Apr. 20, 2006 - Forget heading for the hills. Centennial developer Barry Freedman is hoping some Colorado buyers of second homes would prefer lakefront living -- in New Mexico.

Freedman is developing Ute Lake Ranch, a high-end resort community about 400 miles southeast of Denver, outside Logan, N.M.

The 25,000 acres are around part of 13-mile-long Ute Lake. Plans call for a gated community with at least 12,000 single-family homes, a Jack Nicklaus Design golf course, a marina, an equestrian center and up to five hotels, eventually.

Last week, Freedman broke ground on Ma'Laga Village, 773 single-family homes on Ute Lake Ranch's first golf course. Home prices range from $379,000 to $469,000. Prices for waterfront lots started at $100,000 and topped out at $1 million, said Freedman.

Second-home sales are booming across the country. About 3.34 million sold in 2005, up 16 percent from 2004, according to a recent National Association of Realtors survey.

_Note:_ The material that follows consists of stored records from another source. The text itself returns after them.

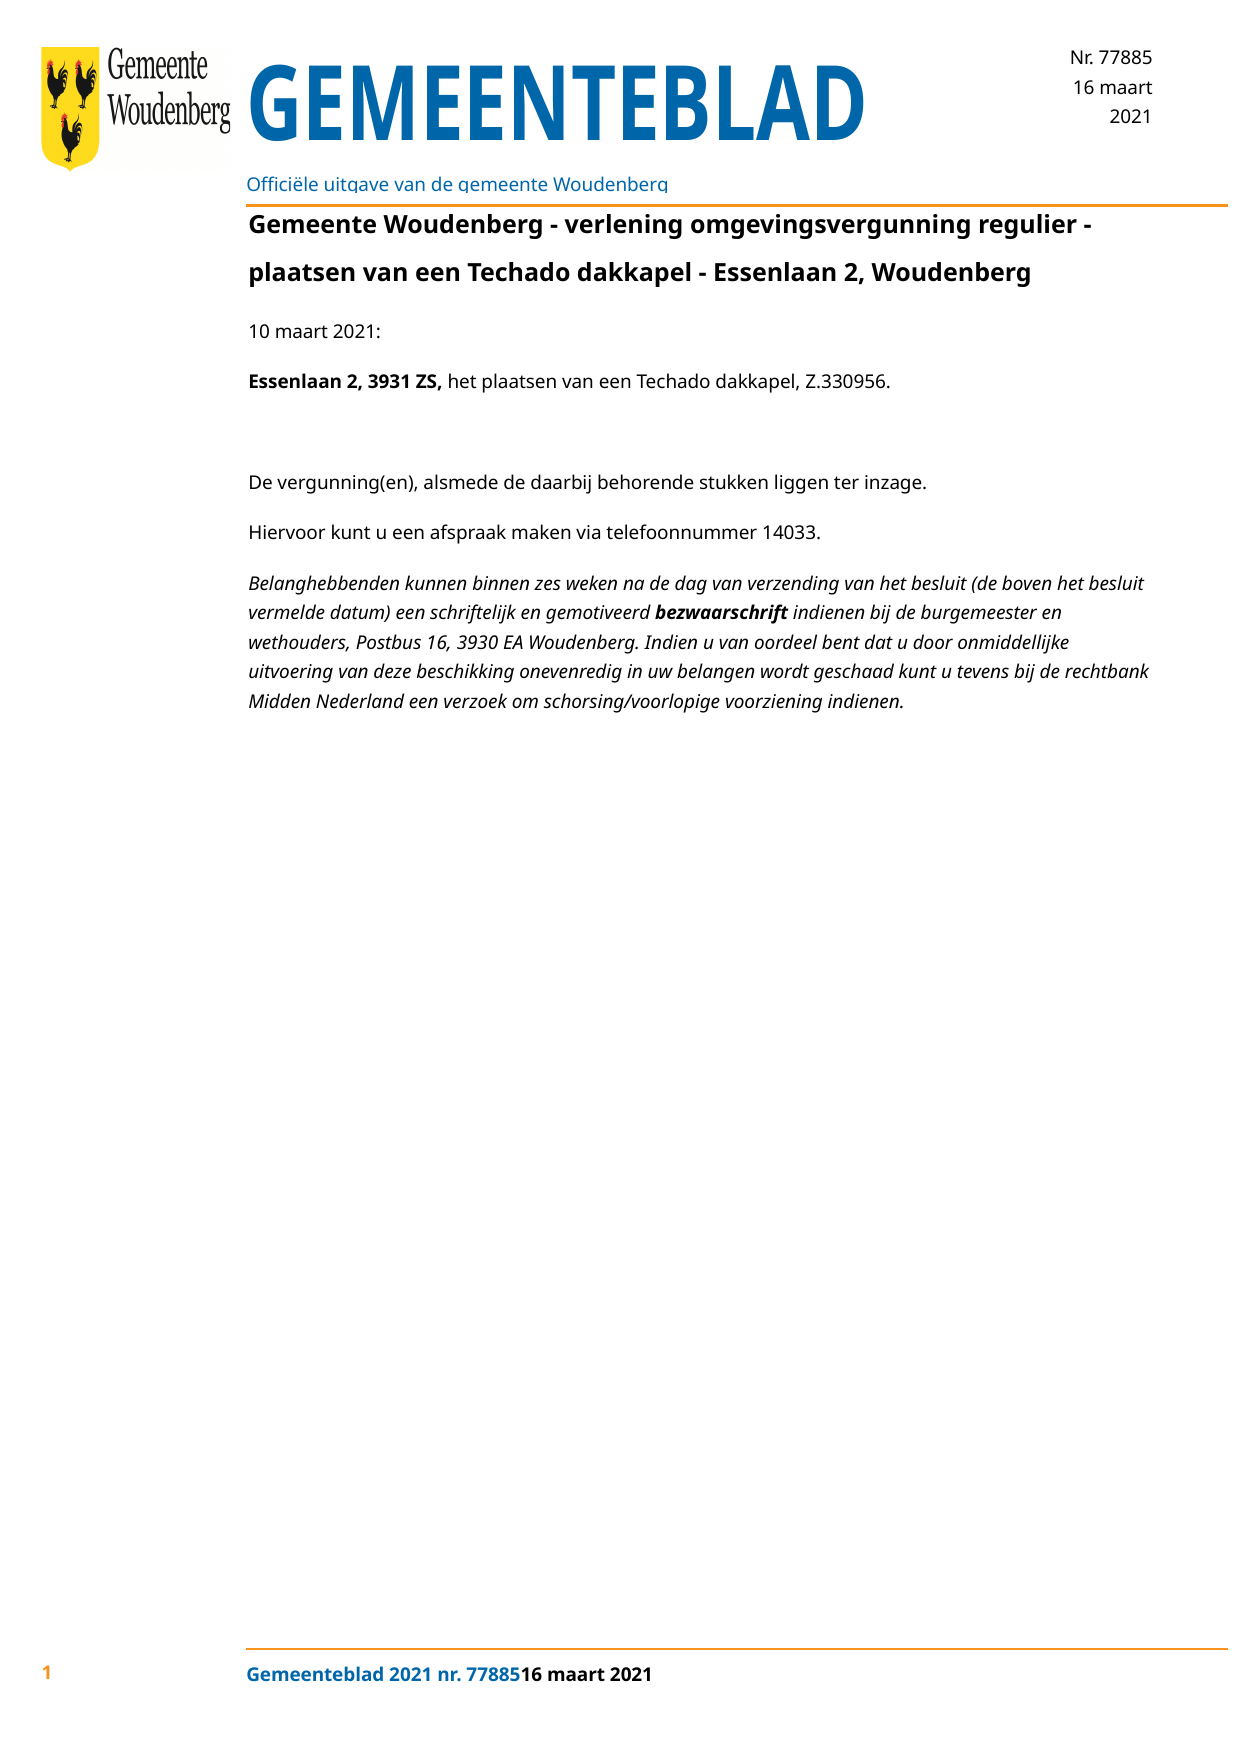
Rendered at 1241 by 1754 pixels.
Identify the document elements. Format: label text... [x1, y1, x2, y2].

text Belanghebbenden kunnen binnen zes weken na de dag van verzending van het besluit (de boven het besluit vermelde datum) een schriftelijk en gemotiveerd bezwaarschrift indienen bij de burgemeester en wethouders, Postbus 16, 3930 EA Woudenberg. Indien u van oordeel bent dat u door onmiddellijke uitvoering van deze beschikking onevenredig in uw belangen wordt geschaad kunt u tevens bij de rechtbank Midden Nederland een verzoek om schorsing/voorlopige voorziening indienen. [248, 570, 1152, 714]
text Hiervoor kunt u een afspraak maken via telefoonnummer 14033. [248, 519, 1152, 545]
text De vergunning(en), alsmede de daarbij behorende stukken liggen ter inzage. [248, 469, 1152, 495]
text 10 maart 2021: [248, 318, 1152, 344]
text Essenlaan 2, 3931 ZS, het plaatsen van een Techado dakkapel, Z.330956. [248, 368, 1152, 394]
picture [41, 47, 231, 172]
text Gemeente Woudenberg - verlening omgevingsvergunning regulier - plaatsen van een Techado dakkapel - Essenlaan 2, Woudenberg [248, 207, 1152, 288]

In Eagle County -- home to Vail and Beaver Creek -- there was a record $2.8 billion worth of home sales last year, partly driven by second-home buyers.

"My thing is trying to find areas that will be in demand a few years from now," said Freedman, a former investment banker whose past projects include the first casino in Cripple Creek and a residential development in Cape Coral, Fla. "I'm a small player. That's why I try to find undiscovered areas." Freedman said he's financing the project privately but declined to disclose the amount.

"The water is a huge draw," said Paul Talbot of Golden, who said he has reserved two properties at Ute Lake Ranch.

Freedman said metro Denver baby boomers who crave water activities such as boating and jet-skiing have been the most interested in the project.

"Denver people have been ingrained to think mountains, mountains, mountains. We're an alternative," said Freedman, 54. "Especially for people in my age demographic, we tend to want warmer. I'm not really skiing anymore. I'd rather be out on the boat every night." To promote the project, Freedman has partnered with local real-estate broker Peter Workman to woo potential buyers at a private reception tonight in downtown Denver.

Roughly 32 percent of Americans plan to take a water vacation this year, compared with 5 percent who said they plan to take a ski vacation, according to tourism expert Peter Yesawich, based in Orlando, Fla.

Water has "a broader appeal to family travelers," he said.

Ute Lake was formed in 1963 for recreation and domestic water use by damming the Canadian River. A state park there drew almost 300,000 people last year, making it the third- most visited of New Mexico's 34 parks.

"Ute Lake is much more stable than other lakes because it is not used for agricultural irrigation," said Dave Simon, state park director for New Mexico.

"It'll be a shame if it is completely ringed by houses a decade or two from now. But development can also be very useful in that it spawns additional economic activity in the area."